The planned casino shutdown is the first in Macau since the 15-day closure in February 2020, which took place at the outset of the pandemic. The latest closure ordered by Macau Secretary for Administration and Justice Andrew Cheong Weng Chun begins at midnight on Monday and will last through July 18. 

Macau is a Special Administrative Region of China and the country’s only legal casino market. Las Vegas Sands, MGM Resorts International and Wynn Resorts hold three of Macau’s six gaming licenses.

"We will follow the government's direction in their efforts to contain COVID-19 in Macau,” a spokesman for Wynn Resorts said in a statement released Saturday. Wynn operates Wynn Macau, Encore and Wynn Palace.

MGM Resorts, which has two casino-hotels in Macau, declined comment.

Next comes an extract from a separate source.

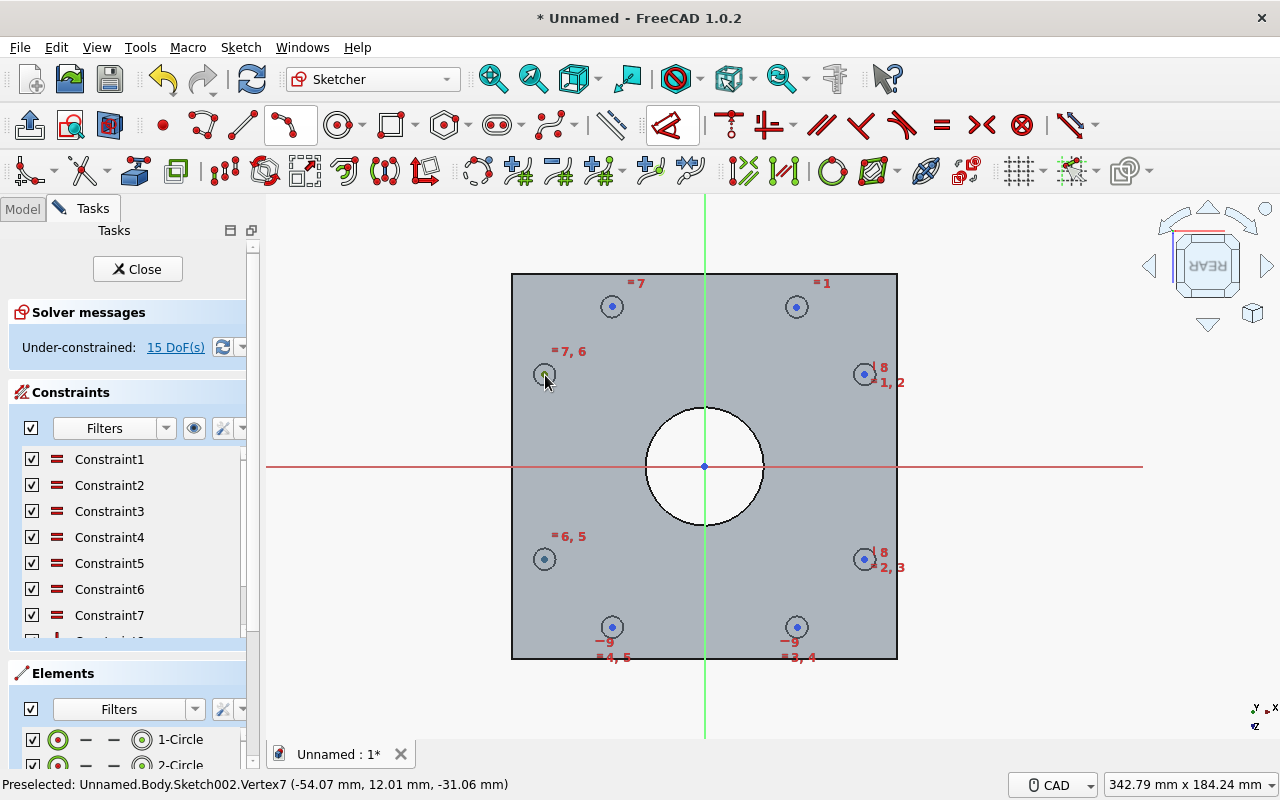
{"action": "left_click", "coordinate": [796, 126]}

A spokesman for Las Vegas Sands said the company would address the situation in Macau when it reports second-quarter earnings in a couple of weeks. Sands is the largest Las Vegas-based casino operator in Macau with five resorts.

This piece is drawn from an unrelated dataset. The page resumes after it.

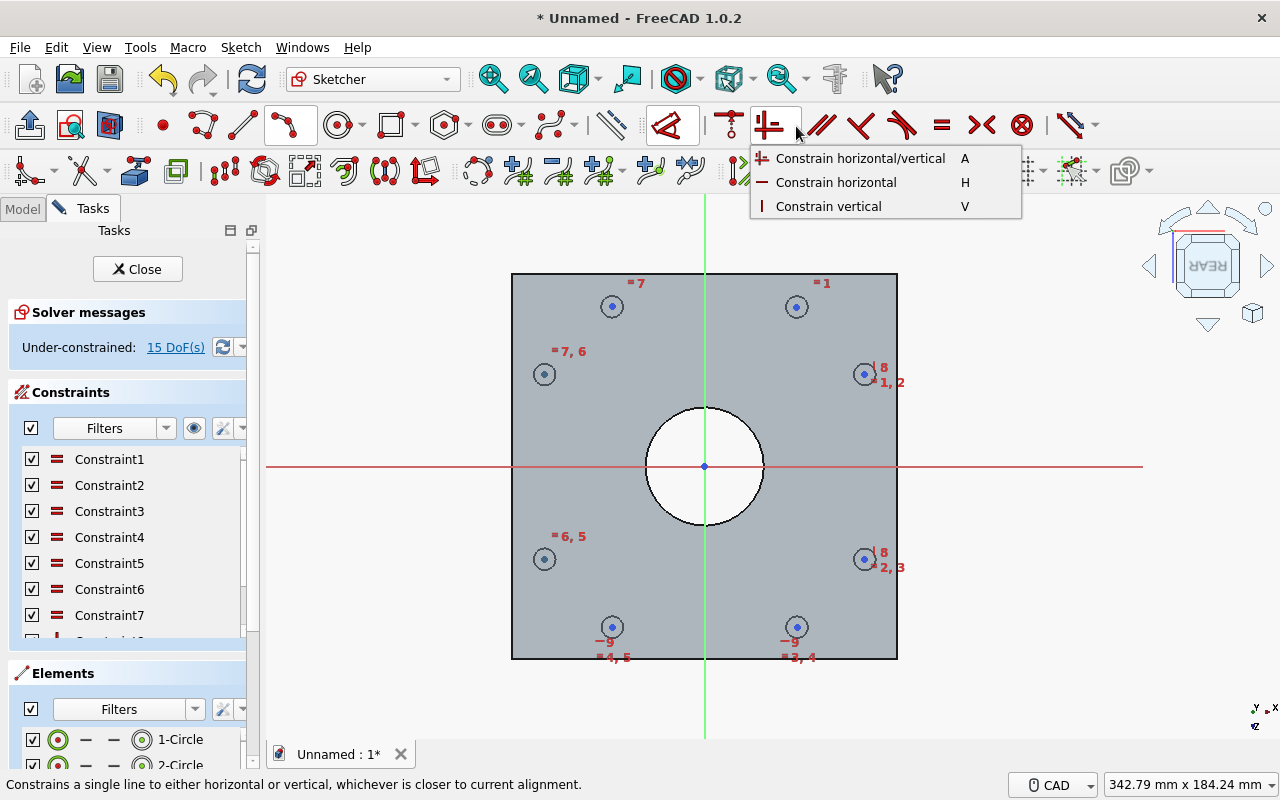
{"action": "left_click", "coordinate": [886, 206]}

China has been operating under a zero-tolerance COVID-19 policy and has ordered mandatory testing of all Macau residents and visitors and quarantines for anyone testing positive. As of Saturday, Macau had 1,374 positive cases of COVID-19 starting in June 18.

According to Seeking Alpha, the Grand Lisboa resort in Macau, which is operated by Hong Kong-based SJM Holdings, is on lockdown due to a cluster of positive COVID cases. Some 500 people are in quarantine at the resort.

Travel restrictions to Macau from Mainland China and other health and safety policies have decimated Macau’s casino market. In June, Macau's gaming revenue of $307 million was the lowest monthly figure since September 2020, when casinos reported $273.9 million.

According to figures released by the government’s Gaming Inspection and Coordination Bureau on July 1, Macau saw gaming revenue fall 62.1 percent compared to June 2021 and decline 25.9 percent compared to May 2022.

For the first six months of 2022, Macau's gaming revenue is $3.26 billion, down 46.4 percent from the first six months of 2021.

Macquarie Securities gaming analyst Chad Beynon said last week COVID will continue to be a factor in Macau’s gaming revenue declines until November, when a Chinese government event is planned and some of the health and safety restrictions might be lifted.

“We thus remain cautious in the near term, as the Macau recovery has seen several fits and starts and remains highly sensitive to COVID outbreaks,” Beynon said.

Macau's all-time gaming revenue record was $45 billion in 2013.

Macau casinos collected $10.8 billion in gaming revenue in 2021, an increase of 43.7 percent over the $7.56 billion collected in 2020. The total was still more than 70 percent below pre-pandemic 2019, when casinos in the region produced $36.6 billion.

The gaming revenues produced in 2020 and 2021 are the lowest single-year back-to-back totals since 2006 and 2007.